Nachrichten

Politik II

Unruhen: Deutsche Botschaft im Jemen geschlossen ++ Klage: Hormonbehandlung für Chelsea Manning genehmigt ++ Anschlag: 24 Tote bei Terrorangriff auf Moschee in Pakistan ++ Kooperation: China plant Tourismuszone mit Nordkorea und Russland

Deutsche Botschaft im Jemen geschlossen

Nach der Machtübernahme der schiitischen Huthi-Miliz im Jemen ist nun auch die deutsche Botschaft in Sanaa geschlossen worden. Die Maßnahme gelte vorübergehend, teilte das Auswärtige Amt am Freitag mit. Die Lage in dem Land sei ausgesprochen instabil. Alle Deutschen wurden aufgerufen, den Jemen zu verlassen. Vor Reisen dorthin warnt das Außenamt dringend. Das Land auf der arabischen Halbinsel wird seit dem Sturz des langjährigen Machthabers Ali Abdullah Saleh im Jahr 2012 von Gewalt und schweren politischen Unruhen erschüttert.

Hormonbehandlung für Chelsea Manning genehmigt

Das US-Militär hat für die Wikileaks-Informantin Chelsea Manning eine Hormonbehandlung gebilligt. Das berichtete die Zeitung „USA Today“ unter Berufung auf ein internes Papier vom Militärstützpunkt Fort Leavenworth. Manning hatte im September eine Klage gegen das US-Verteidigungsministerium eingereicht, weil man ihr eine Geschlechtsumwandlung verweigerte. Die 27-Jährige hatte als Soldat Bradley Manning Wikileaks Hunderttausende geheimer Militärdokumente zugespielt. Manning wurde 2013 deshalb zu 35 Jahren Haft verurteilt.

24 Tote bei Terrorangriff auf Moschee in Pakistan

Bei einem Terrorangriff auf eine schiitische Moschee beim Freitagsgebet sind in der nordwestpakistanischen Stadt Peschawar mindestens 24 Menschen getötet worden. Der Chef des Krankenhauses im Stadtteil Hayatabad, Muhammad Imran, sagte, die Leichen von 20 Opfern sowie 41 Verwundete seien dorthin gebracht worden.

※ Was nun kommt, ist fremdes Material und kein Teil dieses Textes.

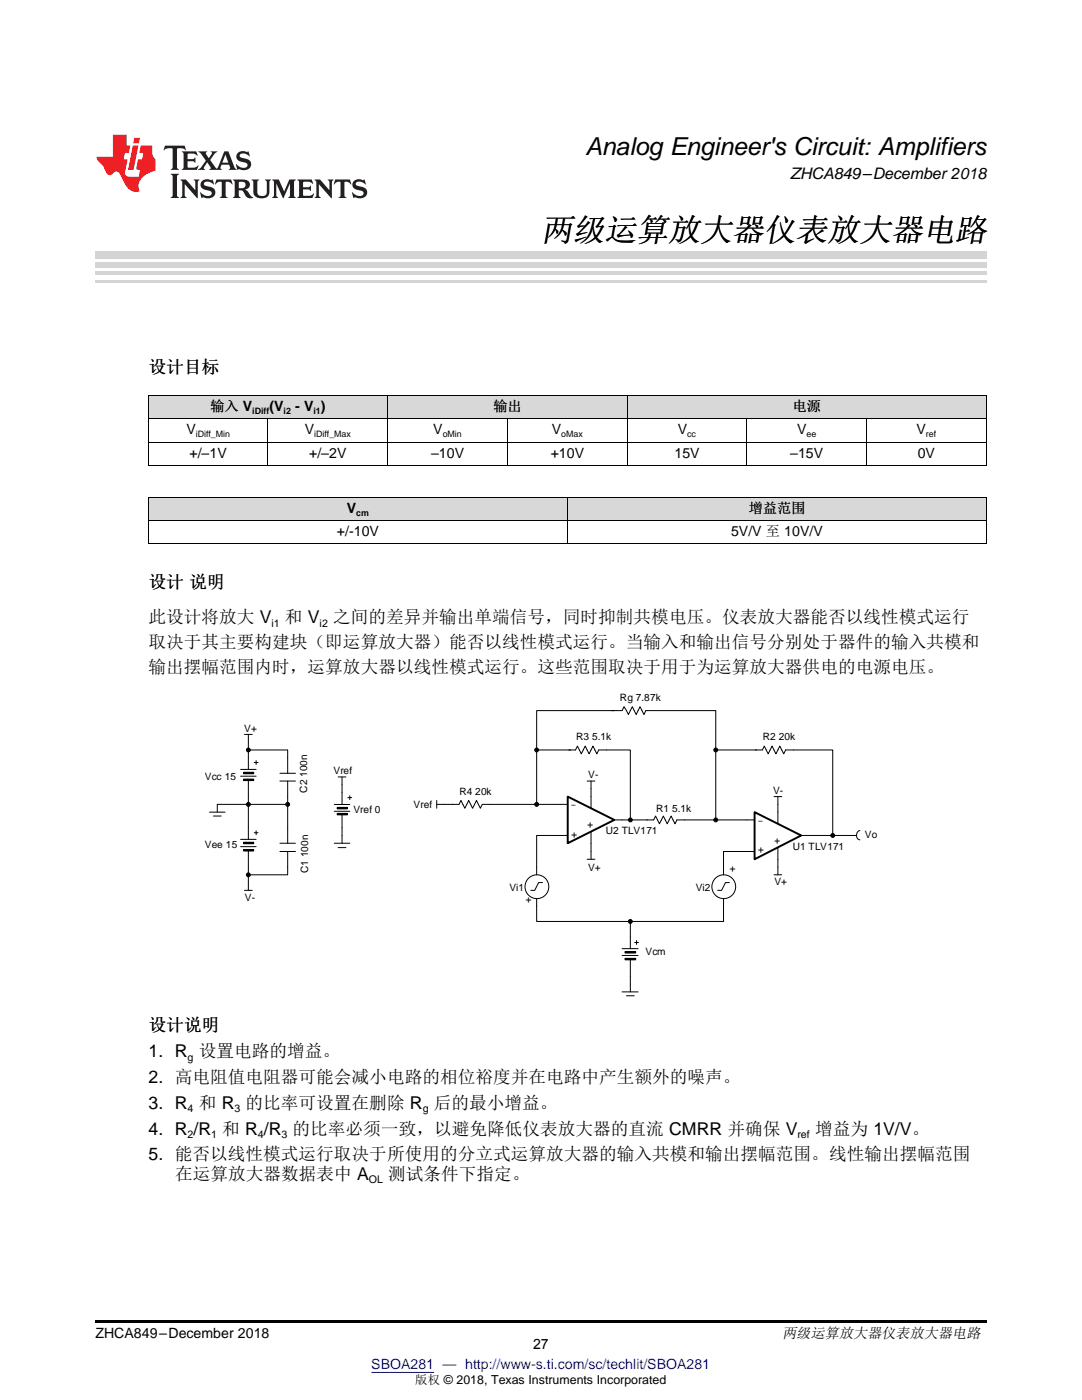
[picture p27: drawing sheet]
<svg xmlns="http://www.w3.org/2000/svg" width="216mm" height="279mm" viewBox="0 0 216 279" stroke-linecap="round" stroke-linejoin="round" font-family="sans-serif">
<defs><g id="words">
<text font-size="6.4" x="107.9" y="48">两级运算放大器仪表放大器电路</text>
<text font-size="4.9" x="116.8" y="30.9">Analog Engineer's Circuit: Amplifiers</text>
<g font-size="3.5">
<text x="29.6" y="74.4">设计目标</text>
<text x="29.6" y="117.4">设计 说明</text>
<text x="29.6" y="124.4">此设计将放大 V</text>
<text x="56.9" y="124.4">和 V</text>
<text x="66.5" y="124.4">之间的差异并输出单端信号，同时抑制共模电压。仪表放大器能否以线性模式运行</text>
<text x="29.6" y="129.3">取决于其主要构建块（即运算放大器）能否以线性模式运行。当输入和输出信号分别处于器件的输入共模和</text>
<text x="29.6" y="134.3">输出摆幅范围内时，运算放大器以线性模式运行。这些范围取决于用于为运算放大器供电的电源电压。</text>
<text x="29.6" y="205.8">设计说明</text>
<text x="29.6" y="211">1. R 设置电路的增益。</text>
<text x="29.6" y="216.1">2. 高电阻值电阻器可能会减小电路的相位裕度并在电路中产生额外的噪声。</text>
<text x="29.6" y="221.3">3. R 和 R 的比率可设置在删除 R 后的最小增益。</text>
<text x="29.6" y="226.4">4. R /R 和 R /R 的比率必须一致，以避免降低仪表放大器的直流 CMRR 并确保 V</text>
<text x="162.6" y="226.4">增益为 1V/V。</text>
<text x="29.6" y="231.6">5. 能否以线性模式运行取决于所使用的分立式运算放大器的输入共模和输出摆幅范围。线性输出摆幅范围</text>
<text x="34.9" y="235.5">在运算放大器数据表中 A</text>
<text x="77.5" y="235.5">测试条件下指定。</text>
</g>
<text font-size="3.2" x="157.7" y="35.7">ZHCA849–December 2018</text>
<text font-size="2.9" x="156.1" y="267.1">两级运算放大器仪表放大器电路</text>
<g font-size="2.8">
<text x="42" y="82.1">输入 V</text>
<text x="53.8" y="82.1">(V</text>
<text x="58.9" y="82.1">- V )</text>
<text x="98.5" y="82.1">输出</text>
<text x="158.2" y="82.1">电源</text>
<text x="37.2" y="86.7">V</text>
<text x="60.8" y="86.7">V</text>
<text x="86.5" y="86.7">V</text>
<text x="110.1" y="86.7">V</text>
<text x="135.3" y="86.7">V</text>
<text x="159.1" y="86.7">V</text>
<text x="182.9" y="86.7">V</text>
<text x="37.8" y="91.4">+/–1V</text>
<text x="61.7" y="91.4">+/–2V</text>
<text x="86" y="91.4">–10V</text>
<text x="109.9" y="91.4">+10V</text>
<text x="134.6" y="91.4">15V</text>
<text x="157.7" y="91.4">–15V</text>
<text x="183.1" y="91.4">0V</text>
<text x="67.2" y="107">+/-10V</text>
<text x="69.2" y="102.4">V</text>
<text x="145.9" y="107">5V/V 至 10V/V</text>
<text x="149.4" y="102.4">增益范围</text>
<text x="19" y="267.1">ZHCA849–December 2018</text>
<text x="106.4" y="269.2">27</text>
</g>
<text font-size="2.8" fill="#00f" x="74.1" y="273.2">SBOA281 — http://www-s.ti.com/sc/techlit/SBOA281</text>
<text font-size="2.5" x="82.9" y="276.3">版权 © 2018, Texas Instruments Incorporated</text>
<g font-size="2.1">
<text x="54.2" y="125.1">i1</text>
<text x="63.8" y="125.1">i2</text>
<text x="37.4" y="211.7">g</text>
<text x="37.4" y="222">4</text>
<text x="37.4" y="227.2">2</text>
<text x="42.1" y="227.2">1</text>
<text x="46.8" y="222">3</text>
<text x="51.5" y="227.2">4</text>
<text x="56.2" y="227.2">3</text>
<text x="84.3" y="222">g</text>
<text x="159.1" y="227.2">ref</text>
<text x="73.6" y="236.2">OL</text>
</g>
<g font-size="2">
<text x="123.7" y="139.9">Rg 7.87k</text>
<text x="48.7" y="146">V+</text>
<text x="115" y="147.7">R3 5.1k</text>
<text x="152.2" y="147.7">R2 20k</text>
<text x="40.9" y="155.7">Vcc 15</text>
<text x="66.6" y="154.5">Vref</text>
<text x="117.4" y="155.3">V-</text>
<text x="61.3" y="158.2" transform="rotate(-90 61.3 158.2)">C2 100n</text>
<text x="82.5" y="161.3">Vref</text>
<text x="91.7" y="158.6">R4 20k</text>
<text x="113.8" y="161.3">-</text>
<text x="130.9" y="162">R1 5.1k</text>
<text x="154.3" y="158.5">V-</text>
<text x="70.5" y="162.3">Vref 0</text>
<text x="115.1" y="167.2" transform="rotate(-90 115.1 167.2)">+</text>
<text x="118.4" y="165.3" transform="rotate(-90 118.4 165.3)">+</text>
<text x="120.9" y="166.4">U2 TLV171</text>
<text x="151.1" y="164.4">-</text>
<text x="172.6" y="167.3">Vo</text>
<text x="40.9" y="169.3">Vee 15</text>
<text x="117.3" y="173.8">V+</text>
<text x="152.4" y="170.2" transform="rotate(-90 152.4 170.2)">+</text>
<text x="155.7" y="168.5" transform="rotate(-90 155.7 168.5)">+</text>
<text x="158.2" y="169.6">U1 TLV171</text>
<text x="48.9" y="179.9">V-</text>
<text x="61.5" y="174.3" transform="rotate(-90 61.5 174.3)">C1 100n</text>
<text x="101.6" y="177.9">Vi1</text>
<text x="138.8" y="177.9">Vi2</text>
<text x="146.8" y="174" transform="rotate(-90 146.8 174)">+</text>
<text x="154.5" y="176.7">V+</text>
<text x="106.1" y="180.2" transform="rotate(-90 106.1 180.2)">+</text>
<text x="128.8" y="190.5">Vcm</text>
</g>
<g font-size="1.8">
<text x="50.3" y="82.6">iDiff</text>
<text x="56.6" y="82.6">i2</text>
<text x="62.5" y="82.6">i1</text>
<text x="39.1" y="87.3">iDiff_Min</text>
<text x="62.7" y="87.3">iDiff_Max</text>
<text x="88.3" y="87.3">oMin</text>
<text x="112" y="87.3">oMax</text>
<text x="137.1" y="87.3">cc</text>
<text x="160.9" y="87.3">ee</text>
<text x="184.7" y="87.3">ref</text>
<text x="71.1" y="102.9">cm</text>
</g>
</g></defs>
<g fill="#d8d8d8">
<path d="M29.6 99.3h83.6v4.6h-83.6z"/>
<path d="M113.2 99.3h83.6v4.6h-83.6z"/>
<path d="M29.6 79h23.9v4.6h-23.9z"/>
<path d="M53.5 79h23.9v4.6h-23.9z"/>
<path d="M77.4 79h23.9v4.6h-23.9z"/>
<path d="M101.3 79h23.9v4.6h-23.9z"/>
<path d="M125.2 79h23.8v4.6h-23.8z"/>
<path d="M149 79h23.9v4.6h-23.9z"/>
<path d="M172.9 79h23.9v4.6h-23.9z"/>
</g>
<path d="M19 263.5h177.8v.6h-177.8z" fill="#000"/>
<g fill="#000">
<circle cx="49.6" cy="149.7" r=".39"/>
<circle cx="107.1" cy="149.7" r=".39"/>
<circle cx="142.8" cy="149.7" r=".39"/>
<circle cx="49.6" cy="160.5" r=".39"/>
<circle cx="49.6" cy="174.6" r=".39"/>
<circle cx="57.4" cy="160.5" r=".39"/>
<circle cx="107.1" cy="160.5" r=".39"/>
<circle cx="125.8" cy="163.6" r=".39"/>
<circle cx="142.8" cy="163.6" r=".39"/>
<circle cx="166.2" cy="166.7" r=".39"/>
<circle cx="125.8" cy="183.9" r=".39"/>
</g>
<g fill="none" stroke="#000" stroke-width=".2">
<path d="M48 153.6h3.1M48 154.9h3.1M48.6 154.1h2v.3h-2zM48.6 155.5h2v.3h-2zM48.8 146.6h1.5M49.6 146.6v1.5M49.6 151.2v2.4M49.6 155.7v3.3M50.7 152.2h.8M51.1 151.8v.8M55.9 155.9h3.1M55.9 154.3h3.1"/>
<path d="M57.4 151.2v3.1M57.4 155.9v3.1M67.5 155.1h1.5M68.2 155.1v1.5M87.1 159.8v1.5M113.5 149.7h1.3l.4-.8 .8 1.5 .8-1.5 .7 1.5 .8-1.5 .8 1.5 .4-.7h1.5M117.2 155.9h1.5M117.9 155.9v1.5M117.9 159v2.3M122 141.8h2.1l.4-.8 .9 1.6 .8-1.6 .7 1.6 .8-1.6 .8 1.6 .4-.8h1.5M150.8 149.7h1.3l.4-.8 .8 1.5 .8-1.5 .7 1.5 .8-1.5 .8 1.5 .4-.7h1.5M154.4 159h1.6"/>
<path d="M155.2 159v1.5M41.8 162.1h3.1M42.6 162.9h1.5M43.4 160.5v1.6M48 167.5h3.1M48 169h3.1M48.6 168.1h2v.3h-2zM48.6 169.5h2v.3h-2zM48.8 177.7h1.5M49.6 165.2v2.3M49.6 169.7v3.3M49.6 176.1v1.6"/>
<path d="M50.7 166.2h.8M51.1 165.8v.8M55.9 168.3h3.1M55.9 169.9h3.1M57.4 165.2v3.1M57.4 169.9v3.1M66.7 168.3h3.1M67.5 169.2h1.5M68.2 166.7v1.6M87.2 160.5h1.5M90.2 160.5h1.4l.4-.7 .8 1.5 .7-1.5 .8 1.5 .8-1.5 .7 1.5 .4-.8h1.6M111.7 160.5h1.6"/>
<path d="M111.7 166.7h1.6M117.2 171.5h1.5M117.9 166v2.3M117.9 169.9v1.6M122.6 163.6h1.5M129.1 163.6h1.3l.4-.7 .8 1.5 .8-1.5 .7 1.5 .8-1.5 .8 1.5 .4-.8h1.5M154.4 174.6h1.6M155.2 173v1.6M169.3 166.7h1.5M171.6 165.8a.96 .96 0 0 0-.7 .9 .96 .96 0 0 0 .7 .9M124.1 198h3.2M124.1 189.3h3.2"/>
<path d="M124.1 190.7h3.2M124.7 189.9h2.1v.3h-2.1zM124.7 191.3h2.1v.3h-2.1zM125 198.7h1.6M125.8 187v2.3M125.8 191.5v3.4M125.8 196.4v1.6M126.6 188.1h.8M127 187.7v.8"/>
<circle cx="49.6" cy="149.7" r=".39"/>
<circle cx="107.1" cy="149.7" r=".39"/>
<circle cx="142.8" cy="149.7" r=".39"/>
<circle cx="49.6" cy="160.5" r=".39"/>
<circle cx="49.6" cy="174.6" r=".39"/>
<circle cx="57.4" cy="160.5" r=".39"/>
<circle cx="107.1" cy="160.5" r=".39"/>
<circle cx="125.8" cy="163.6" r=".39"/>
<circle cx="142.8" cy="163.6" r=".39"/>
<circle cx="166.2" cy="166.7" r=".39"/>
<circle cx="125.8" cy="183.9" r=".39"/>
</g>
<path d="M48.6 154.3h2M48.6 155.6h2M48.6 168.2h2M48.6 169.7h2M124.7 190.1h2.1M124.7 191.4h2.1" fill="none" stroke="#000" stroke-width=".29"/>
<path d="M113.3 159l9.3 4.6-9.3 4.7z" fill="#fff"/>
<path d="M113.3 159l9.3 4.6-9.3 4.7z" fill="none" stroke="#000" stroke-width=".39"/>
<g fill="none" stroke="#000" stroke-width=".2">
<path d="M68.2 158.2v2.3M69.4 159.2h.8M69.8 158.8v.8M66.7 160.6h3.1M66.7 161.9h3.1M67.3 161.1h2v.3h-2zM67.3 162.3h2v.3h-2zM68.2 162.6v2.6M149 169.9h1.6M149 163.6h1.6M155.2 162.1v2.3M155.2 169.2v2.3"/>
<path d="M159.9 166.7h1.6"/>
</g>
<path d="M67.3 161.3h2M67.3 162.5h2" fill="none" stroke="#000" stroke-width=".29"/>
<path d="M150.6 162.1l9.3 4.6-9.3 4.8z" fill="#fff"/>
<path d="M150.6 162.1l9.3 4.6-9.3 4.8z" fill="none" stroke="#000" stroke-width=".39"/>
<g fill="none" stroke="#000" stroke-width=".2">
<path d="M29.6 78.9h167.2M29.7 79v13.9M77.3 79v13.9M125.1 79v13.9M196.8 79v13.9M29.6 99.2h167.2M29.6 92.9h167.2M29.6 88.2h167.2M29.6 83.6h167.2M29.7 99.3v9.3M53.5 83.6v9.3M101.2 83.6v9.3"/>
<path d="M113.2 99.3v9.3M149 83.6v9.3M172.9 83.6v9.3M196.8 99.3v9.3M29.6 108.5h167.2M29.6 103.9h167.2M49.6 159v1.5h-6.2M49.6 149.7h7.8v1.5M49.6 148.1v3.1M57.4 159v1.5M68.2 156.6v1.6M107.1 149.7h6.8"/>
<path d="M107.1 149.7v10.8M117.9 157.4v1.6M121 149.7h4.8v13.9M122.6 141.8h-15.5v7.9M130.4 141.8h12.4v7.9M142.8 149.7v13.9M142.8 149.7h8.2M158.3 149.7h7.9v17M49.6 165.2v-4.7h7.8v4.7M49.6 173v3.1M57.4 173v1.6h-7.8M68.2 165.2v1.5"/>
<path d="M88.7 160.5h1.6M97.8 160.5h13.9M107.1 179.3v4.6h18.7M108.2 176.1h-.7l-.8 1.6h-.8M111.7 166.7h-4.6v7.9M117.9 168.3v1.6M124.1 163.6h5.1M136.6 163.6h12.4M144.4 179.3v4.6h-18.6M145.5 176.1h-.7l-.8 1.6h-.8M149 169.9h-4.6v4.7M155.2 160.5v1.6"/>
<path d="M155.2 171.5v1.5M161.5 166.7h7.8M125.8 183.9v3.1M125.8 194.9v1.5"/>
<circle cx="107.1" cy="177" r="2.37"/>
<circle cx="144.4" cy="177" r="2.38"/>
</g>
<path d="M19 56.1h177.8" fill="none" stroke="#d4d4d4" stroke-width=".42"/>
<g fill="#d4d4d4">
<path d="M19 54.2h177.8v.7h-177.8z"/>
<path d="M19 52.4h177.8v1h-177.8z"/>
<path d="M19 50.3h177.8v1.4h-177.8z"/>
</g>
<path d="M32.9 29.1l-.3 .9h.1a1.64 1.64 0 0 1 1.7-.3l.1 3.6-.4 .6h1.6l-.4-.6v-3.5v-.1l.4-.1a1.36 1.36 0 0 1 1.3 .4h.1l-.3-.9zM36.3 30.2l.3 .3v.3v2.5v.3l-.3 .3h3l.3-.9h-.1a1.87 1.87 0 0 1-2 .4l-.1-1.2h1.2l.4 .3v-1.1l-.4 .3-1.2 .1 .1-1.1 .2-.1a1.66 1.66 0 0 1 1.7 .5l.1-.1-.3-.8zM39.6 30.2l1.5 1.9-.9 1.2-.7 .6h1.4l-.3-.3 .7-1.2 .8 1.2-.3 .3h2.5l-.3-.3 .2-.7h1.5l.2 .6-.3 .4h1.6l-.4-.5-1.2-3.2h-.8l-1.2 2.9-.4 .6-1.3-1.8 .9-1.1 .6-.6h-1.4l.3 .3-.6 1.1-.6-1 .2-.4zM45 30.8l.6 1.7h-1.2zM47.4 30.6a1.04 1.04 0 0 0-.2 1.1 1.04 1.04 0 0 0 1 .6l1 .2a.5 .5 0 0 1 .2 .6 .5 .5 0 0 1-.5 .4 1.76 1.76 0 0 1-1.7-.8l-.1 .1 .3 1.1 .2-.1a2.54 2.54 0 0 0 2.2-.3 1.12 1.12 0 0 0 .2-1.2 1.12 1.12 0 0 0-1-.6l-1-.3a.4 .4 0 0 1-.2-.4 .4 .4 0 0 1 .4-.3 1.6 1.6 0 0 1 1.6 .5h.1l-.3-1-.3 .2-.2-.1a1.62 1.62 0 0 0-1.7 .3zM34.1 34.7l.3 .3 .1 .3v3.6l-.1 .3-.3 .3h1.6l-.3-.3-.1-.3v-3.6l.1-.3 .3-.3zM36 35.8l.4 .6v2.5l-.1 .3-.3 .3h1.2l-.3-.6v-2.1l2.6 2.8v-3.2l.3-.6h-1.2l.3 .4 .1 1.7-1.9-2.1zM40.3 36.2a1.04 1.04 0 0 0-.2 1.1 1.04 1.04 0 0 0 .9 .6l1 .3a.5 .5 0 0 1 .2 .5 .5 .5 0 0 1-.4 .4 1.76 1.76 0 0 1-1.8-.7h-.1l.3 1.1 .2-.1a2.55 2.55 0 0 0 2.3-.3 1.12 1.12 0 0 0 .2-1.2 1.12 1.12 0 0 0-1-.6l-1-.3a.41 .41 0 0 1-.2-.4 .41 .41 0 0 1 .4-.3 1.6 1.6 0 0 1 1.5 .5h.1l-.3-1-.2 .2-.2-.1a1.64 1.64 0 0 0-1.7 .3zM43.2 35.8l-.3 1h.1a.95 .95 0 0 1 1.2-.5v2.6v.3l-.4 .3h1.6l-.3-.3-.1-.3v-2.4l.3-.2a1.02 1.02 0 0 1 1 .5h.1l-.3-1zM46.5 35.8l.3 .4v.2v2.5v.3l-.3 .3h1.5l-.3-.3-.1-1.2a.9 .9 0 0 1 1.2 .8 1.07 1.07 0 0 0 1.7 .6 1.97 1.97 0 0 1-1.1-1.3l-.5-.3a.98 .98 0 0 0 1-1 .98 .98 0 0 0-1-.9zM47.7 36.3h.2a.81 .81 0 0 1 1.1 .6 .64 .64 0 0 1-.7 .7h-.7zM50.2 35.8l.3 .4 .1 .2v1.9a1.59 1.59 0 0 0 2.1 1.2 1.15 1.15 0 0 0 1.1-1.2v-2.1l.3-.4h-1.2l.3 .6v1.9a.97 .97 0 0 1-.7 .9 .97 .97 0 0 1-1.1-.6l-.1-2.2 .1-.2 .3-.4zM54.3 35.8l.3 .4 .1 .2v2.5l-.4 .6h1.2l-.4-.6v-2.3l1.4 3 1.4-3v2.3l-.4 .6h1.5l-.3-.3v-.3v-2.5v-.2l.3-.4h-1.3l-1 2.4-1.1-2.4zM59.3 35.8l.3 .4 .1 .2v2.5l-.1 .3-.3 .3h3l.4-.8-.1-.1a1.88 1.88 0 0 1-2.1 .4v-1.2h1.2l.3 .3v-1l-.3 .2-1.2 .1v-1l.3-.1a1.66 1.66 0 0 1 1.6 .4h.1l-.3-.9zM62.8 35.8l.3 .6v2.5v.3l-.3 .3h1.2l-.4-.6v-2.1l2.6 2.8v-3.2l.3-.6h-1.1l.3 .4v1.7l-1.8-2.1zM66.9 35.8l-.3 1h.1a.95 .95 0 0 1 1.2-.5v2.6v.3l-.4 .3h1.6l-.3-.3-.1-.3v-2.4l.3-.2a1.02 1.02 0 0 1 1 .5h.1l-.3-1zM70.6 36.2a1.04 1.04 0 0 0-.2 1.1 1.04 1.04 0 0 0 .9 .6l1 .3a.5 .5 0 0 1 .2 .5 .5 .5 0 0 1-.4 .4 1.75 1.75 0 0 1-1.8-.7h-.1l.3 1.1 .2-.1a2.56 2.56 0 0 0 2.3-.3 1.12 1.12 0 0 0 .2-1.2 1.12 1.12 0 0 0-1-.6l-1-.3a.4 .4 0 0 1-.2-.4 .4 .4 0 0 1 .4-.3 1.6 1.6 0 0 1 1.5 .5h.1l-.3-1-.2 .2-.2-.1a1.64 1.64 0 0 0-1.7 .3z" fill="#231f20"/>
<path d="M22.5 26.9v4.4h-3.2a2.57 2.57 0 0 0 1.2 1.7l.4 .8a1.22 1.22 0 0 0 1.3 1.1l.2-.2a.9 .9 0 0 1 1-.5 .9 .9 0 0 1 .7 .9l.5 1.1a2.58 2.58 0 0 0 3.3 1.9 2.35 2.35 0 0 1 .9-3.1l1.1-.6 1.1-.3v-2.3a1.45 1.45 0 0 1-.6-1.3v-1.5h-2.3l-.3 1.5h.8l-.2 1.3h-.9l-.3 1.6 .1 .4 .7 .1-.3 1.4h-1.1a1.52 1.52 0 0 1-1.7-.6l.6-2.9h-.8l.2-1.3h.8l.3-1.5h-.7v-2.1zM26.5 29l-1 4.9h1.2l.9-4.9zM26.8 27.5l-.2 1.1h1.1l.2-1.1z" fill="#ee1d23"/>
<path d="M74.1 273.9h12.5" fill="none" stroke="#00f" stroke-width=".2"/>
<use href="#words"/>
</svg>

Drei der Angreifer hatten sich in die Luft gesprengt, der vierte sei von Sicherheitskräften erschossen worden. Sunnitische Extremisten greifen in Pakistan regelmäßig Angehörige der schiitischen Minderheit an.

China plant Tourismuszone mit Nordkorea und Russland

China plant eine internationale Tourismuszone im Grenzgebiet zu Nordkorea und Russland. Besucher sollen ohne Visum Zugang zu dem Dreiländereck erhalten und dort auch zollfrei einkaufen können, meldete die staatliche Nachrichtenagentur Xinhua am Freitag unter Berufung auf Regierungsvertreter. Der Gouverneur der nordöstlichen Provinz Jilin werde noch in diesem Jahr einen Entwurf für das Reisegebiet am Fluss Tumen entwerfen. Langfristig soll die Tourismuszone auch von Südkorea, Japan und der Mongolei per Auto, Bahn oder Flugzeug erreichbar sein.